Minoria em todos os níveis de ensino, os homens tentam ganhar espaço num ambiente historicamente dominado pelas mulheres e levantam questões como preconceito, desvalorização do trabalho docente e construções sociais que envolvem toda a comunidade escolar

Publicado em 10/09/2012

por Camila Ploennes

Gustavo Morita
Cesar Doro sempre gostou de trabalhar com crianças. Hoje é diretor do Departamento de Educação de Mogi Mirim (SP)

Território feminino desde o começo do século 20, a instituição escolar reflete, pela segunda vez, uma discussão sobre os papéis de gênero. Se ao assumirem o curso primário as mulheres transformaram a percepção do fazer docente como uma prática intrinsecamente relacionada a características tidas como femininas, a exemplo da abnegação, os homens agora ressignificam esse espaço. Minoria absoluta em todas as etapas de ensino, a presença masculina na escola incomoda, ainda mais, nas áreas ainda identificadas com o “amor às crianças” e à delicadeza: a educação infantil e os primeiros anos do ensino fundamental. O fenômeno da desvantagem numérica, porém, vai além da “feminização” da profissão: tem a ver com preconceito, desvalorização do trabalho docente e construções sociais que envolvem toda a comunidade escolar.

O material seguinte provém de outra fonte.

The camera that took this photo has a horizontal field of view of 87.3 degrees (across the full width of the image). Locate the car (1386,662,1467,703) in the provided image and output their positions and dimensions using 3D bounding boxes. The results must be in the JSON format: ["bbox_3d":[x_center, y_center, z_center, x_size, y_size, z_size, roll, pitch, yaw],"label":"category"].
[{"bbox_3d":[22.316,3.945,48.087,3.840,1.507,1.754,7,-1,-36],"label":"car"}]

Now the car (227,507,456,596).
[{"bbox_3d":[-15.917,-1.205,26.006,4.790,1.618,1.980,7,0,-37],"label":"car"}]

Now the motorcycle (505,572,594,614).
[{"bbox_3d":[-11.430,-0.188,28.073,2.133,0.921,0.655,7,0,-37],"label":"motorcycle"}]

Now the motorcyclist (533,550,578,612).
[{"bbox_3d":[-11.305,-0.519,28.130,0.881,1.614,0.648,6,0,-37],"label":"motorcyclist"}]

Na educação infantil, os relatos são de discriminação, questionamento à sexualidade e desconfiança quanto à competência profissional. No ensino fundamental, o processo de alfabetização gera apreensão nos próprios professores homens, ainda inseguros em relação às suas habilidades. Em qualquer etapa, o que está em jogo é a representação do próprio magistério e das relações de poder: os homens, normalmente, ainda assumem funções como ser um coordenador, diretor, ou funcionário direto da administração da rede de ensino.

Disparidades
De acordo com o Censo Escolar 2011, os professores somam 395.228 em todos os ciclos da Educação Básica, o que corresponde a 19,32% em um universo de mais de 2,045 milhões de profissionais, enquanto as professoras são a esmagadora maioria de mais de 1,65 milhão. Por serem minoria, docentes do sexo masculino acabam sendo considerados socialmente “fora do lugar”, como destacam pesquisadores desse fenômeno de gênero.

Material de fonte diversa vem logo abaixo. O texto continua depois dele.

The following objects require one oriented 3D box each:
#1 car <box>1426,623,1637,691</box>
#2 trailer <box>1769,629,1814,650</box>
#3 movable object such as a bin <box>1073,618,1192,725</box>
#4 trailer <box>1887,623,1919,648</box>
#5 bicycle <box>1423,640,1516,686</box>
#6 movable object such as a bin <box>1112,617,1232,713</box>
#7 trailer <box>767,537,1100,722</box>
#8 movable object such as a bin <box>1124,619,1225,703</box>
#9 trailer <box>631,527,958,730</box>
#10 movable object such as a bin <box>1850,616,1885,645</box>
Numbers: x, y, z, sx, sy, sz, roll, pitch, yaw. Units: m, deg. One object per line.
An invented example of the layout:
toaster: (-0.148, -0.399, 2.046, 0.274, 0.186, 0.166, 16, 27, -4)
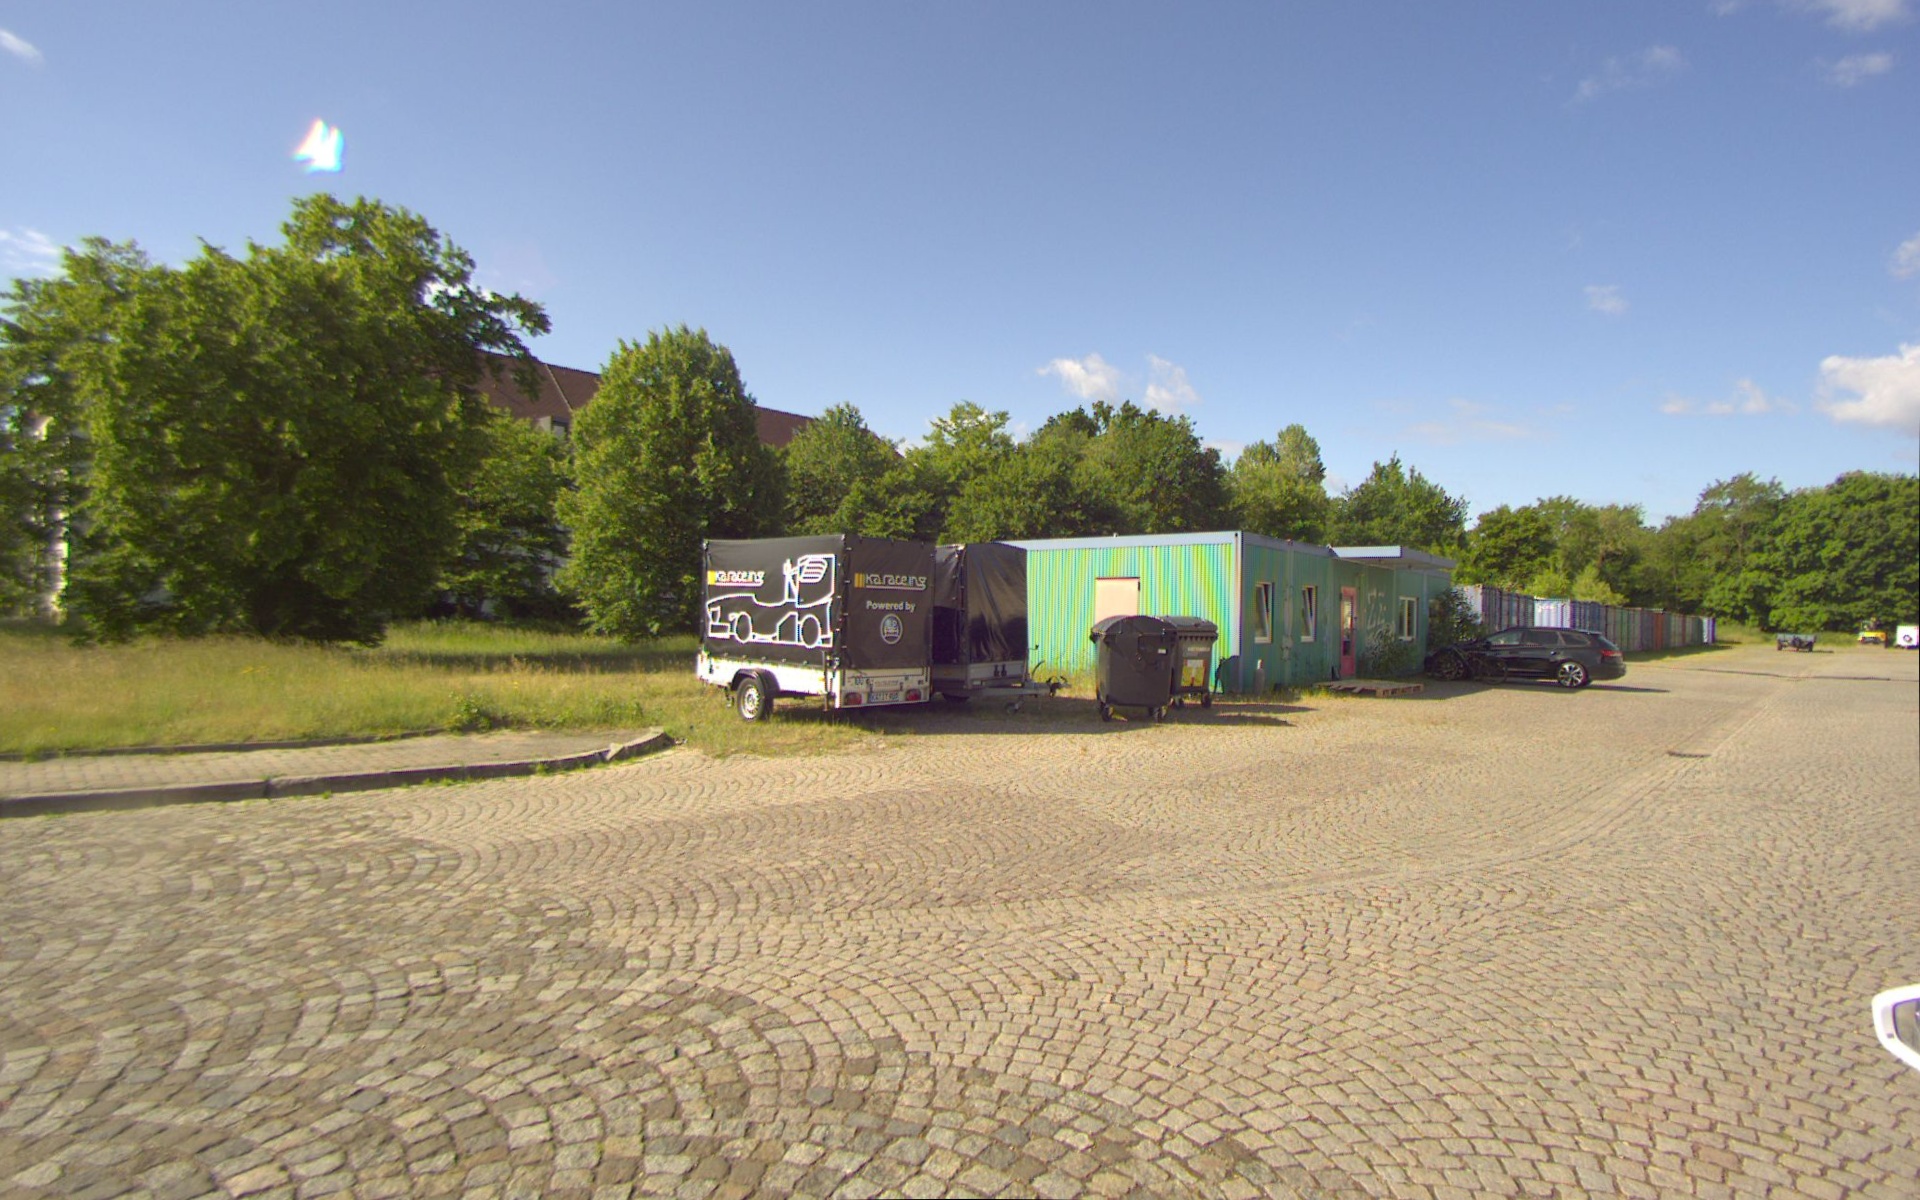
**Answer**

A maior disparidade da presença masculina na escola é percebida na educação infantil. Somente 2,9% dos docentes que trabalham nessa etapa de ensino são do sexo masculino. Ou seja, somam 11.897 de um total de 408.739 docentes. Não muito diferente de 2007, quando entre 336.186 profissionais, os homens eram um grupo um pouco menor em números absolutos (11.415) e um pouco maior em termos porcen­tuais (3,4%).

Desinteresse pela docência
Os motivos para essa estatística vão além da visão presente no senso comum de que a atuação dos homens colocaria em xeque a segurança ou a sexualidade dos alunos pequenos. Isso porque, conforme os ciclos avançam, a quantidade de professores homens nunca fica equiparada à de professoras, embora aumente. Nos anos iniciais do ensino fundamental, eles são 69.606, o que representa 9,6% do quadro de 724.541 docentes. Nos anos finais, os homens são 222.421, ou 28% de 793.889. Já no ensino médio, são 183.973, ou 37,65% de um conjunto de 488.527.

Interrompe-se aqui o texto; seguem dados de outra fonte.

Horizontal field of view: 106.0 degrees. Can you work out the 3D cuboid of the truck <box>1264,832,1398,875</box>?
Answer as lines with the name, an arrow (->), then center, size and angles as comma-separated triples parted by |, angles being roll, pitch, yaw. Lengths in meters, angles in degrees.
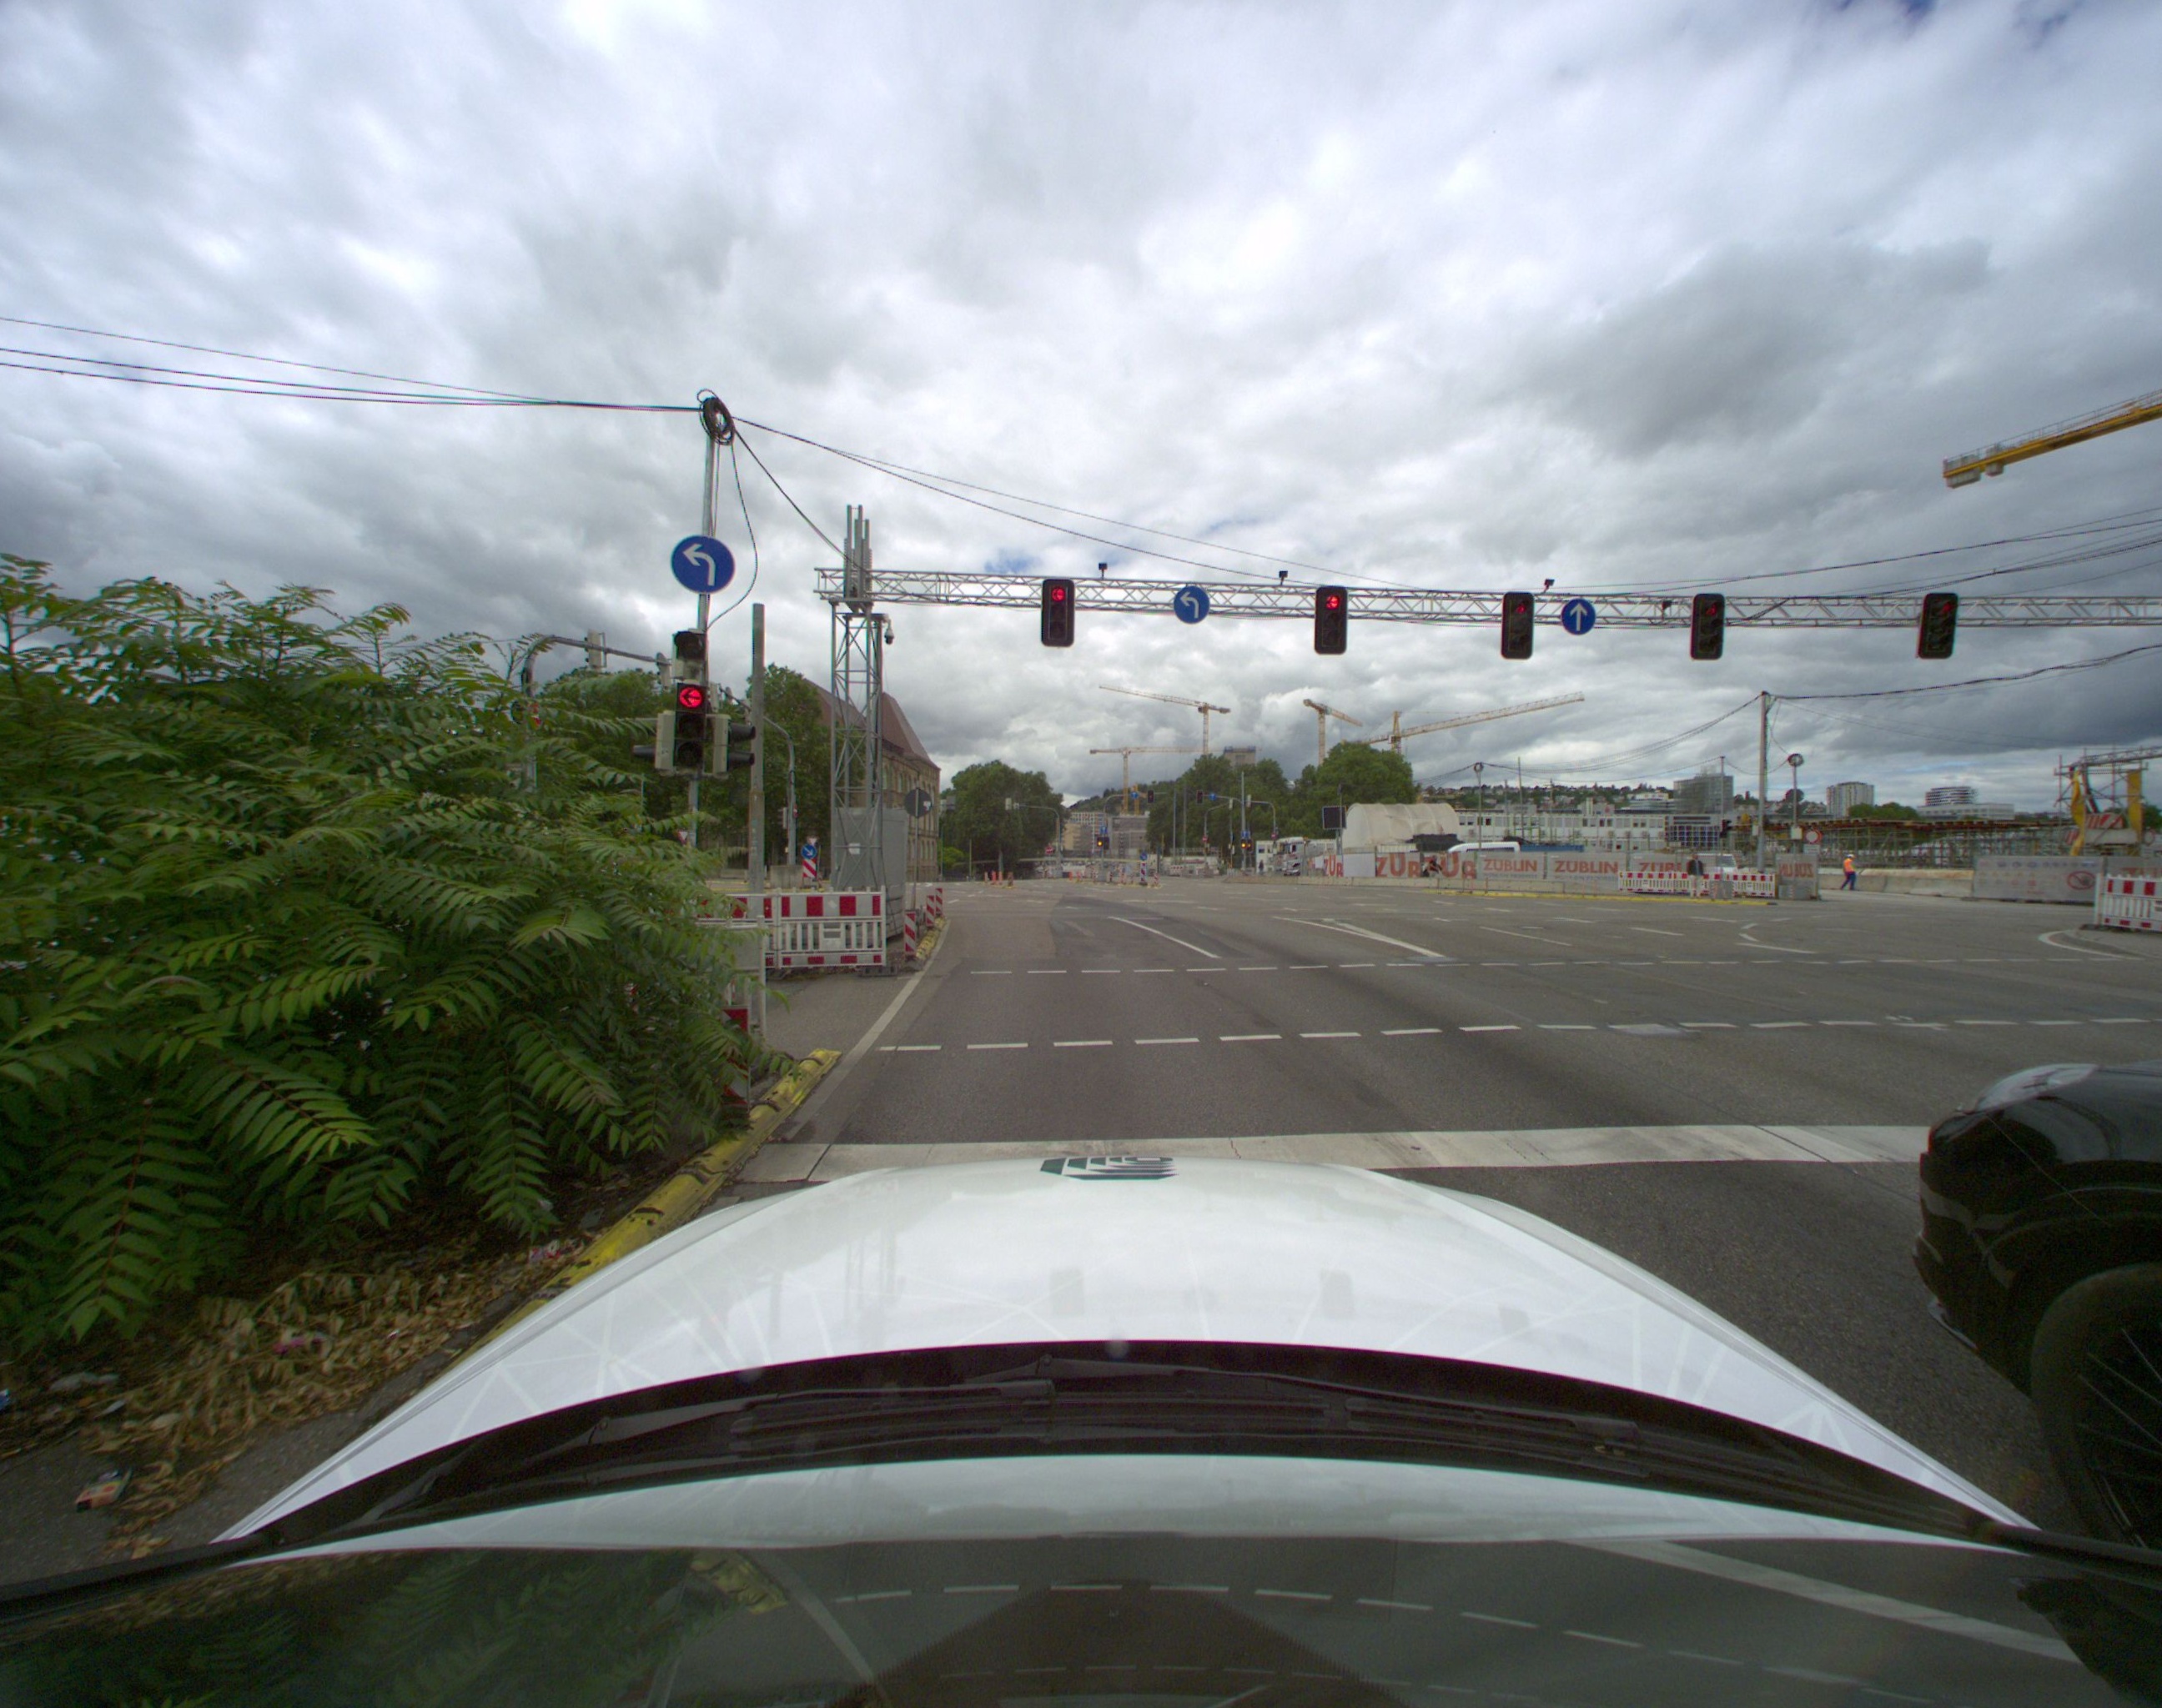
truck -> 25.038, -0.033, 81.592 | 13.062, 4.041, 3.926 | 0, 0, -18

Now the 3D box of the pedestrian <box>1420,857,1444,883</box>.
pedestrian -> 18.979, 0.869, 44.056 | 0.801, 1.378, 0.896 | 0, 0, -31

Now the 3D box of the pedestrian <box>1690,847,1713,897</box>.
pedestrian -> 25.713, 0.736, 33.755 | 0.645, 2.013, 0.520 | 0, 0, 27

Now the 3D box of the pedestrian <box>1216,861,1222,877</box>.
pedestrian -> 14.933, 1.587, 88.060 | 0.564, 1.689, 0.472 | 0, 0, 1

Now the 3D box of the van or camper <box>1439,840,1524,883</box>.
van or camper -> 23.148, 0.420, 47.205 | 4.181, 2.357, 2.009 | 0, 0, 16

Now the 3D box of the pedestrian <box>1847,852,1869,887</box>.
pedestrian -> 38.803, 0.754, 40.663 | 0.651, 1.717, 0.516 | 0, 0, -9

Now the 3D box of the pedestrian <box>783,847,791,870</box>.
pedestrian -> -26.835, 0.415, 74.251 | 0.530, 2.014, 0.423 | 1, -1, -42

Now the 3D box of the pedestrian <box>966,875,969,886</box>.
pedestrian -> -21.502, 5.069, 154.738 | 0.522, 2.014, 0.567 | 0, 0, 2

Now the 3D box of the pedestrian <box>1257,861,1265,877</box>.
pedestrian -> 19.489, 1.592, 88.097 | 0.615, 1.689, 0.716 | 0, 0, 31

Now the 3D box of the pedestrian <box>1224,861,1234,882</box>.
pedestrian -> 12.250, 1.429, 67.336 | 0.726, 1.689, 0.678 | 0, 0, 1

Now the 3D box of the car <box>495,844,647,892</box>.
car -> -18.824, 0.500, 30.257 | 4.315, 1.676, 1.992 | 0, 0, -12

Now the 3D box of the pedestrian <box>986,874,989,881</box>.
pedestrian -> -20.628, 5.243, 179.517 | 0.534, 1.592, 0.515 | 0, 0, -2

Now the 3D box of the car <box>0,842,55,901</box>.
car -> -32.899, 0.478, 23.305 | 4.302, 1.676, 1.998 | 0, 0, -3

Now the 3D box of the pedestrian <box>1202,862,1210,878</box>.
pedestrian -> 13.442, 1.735, 87.562 | 0.726, 1.689, 0.678 | 0, 0, 1

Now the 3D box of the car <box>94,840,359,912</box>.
car -> -21.093, 0.526, 20.274 | 4.302, 1.676, 1.998 | 0, 0, -3

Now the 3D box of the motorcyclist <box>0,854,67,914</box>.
motorcyclist -> -25.624, 0.712, 19.806 | 0.963, 1.423, 0.745 | 0, 0, -4

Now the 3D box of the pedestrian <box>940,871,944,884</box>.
pedestrian -> -21.241, 3.602, 124.151 | 0.522, 2.014, 0.567 | 0, 0, 2

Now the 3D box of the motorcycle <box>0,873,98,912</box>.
motorcycle -> -25.479, 0.930, 19.821 | 2.051, 0.924, 0.756 | 0, 0, -4

O que estaria implícito nesse emaranhado de dados? Muito mais do que diferenças numéricas. Segundo especialistas consultados por Educação, além de a modernização do país a partir do século 19 ter direcionado a mão de obra masculina para outras profissões, abrindo cada vez mais espaço para as mulheres trabalharem nas salas de aula, há o desinteresse dos homens pela docência devido à falta de reconhecimento social do ofício e aos baixos salários, incompatíveis com a cobrança ainda existente de que eles sejam provedores de maior parte da renda familiar.

Além disso, as diferenças entre os sexos são transferidas para as profissões, o que confere à docência significados femininos, pela associação direta à maternidade e ao ato de cuidar das crianças, defende Daiane Antunes Vieira Pincinato, doutora em Educação pela Faculdade de Educação da Universidade de São Paulo (Feusp), autora da tese Homens e masculinidades na cultura do magistério: uma escolha pelo possível, um lugar para brilhar. Por outro lado, ela ressalta que essas distinções de gênero conferem significados masculinos aos cargos administrativos, como o de coordenador pedagógico, por associá-los ao rigor e à autoridade, normalmente esperados dos homens.

Vocação e status
Em sua pesquisa, Daiane entrevistou professores que começaram a carreira no magistério entre 1950 e 1989 na cidade de São Paulo e verificou que a escolha profissional por parte dos homens não era como a das mulheres. “Elas falavam de vocação; eles não desejavam a docência e eram geralmente pessoas de classe social um pouco mais baixa, para quem o magistério acabava conferindo um status maior, um bote salva-vidas”, destaca. De acordo com Daiane, nas décadas de 1950 e 1960, a tendência dos professores era trabalhar dois anos com as crianças e depois serem convidados para funções administrativas.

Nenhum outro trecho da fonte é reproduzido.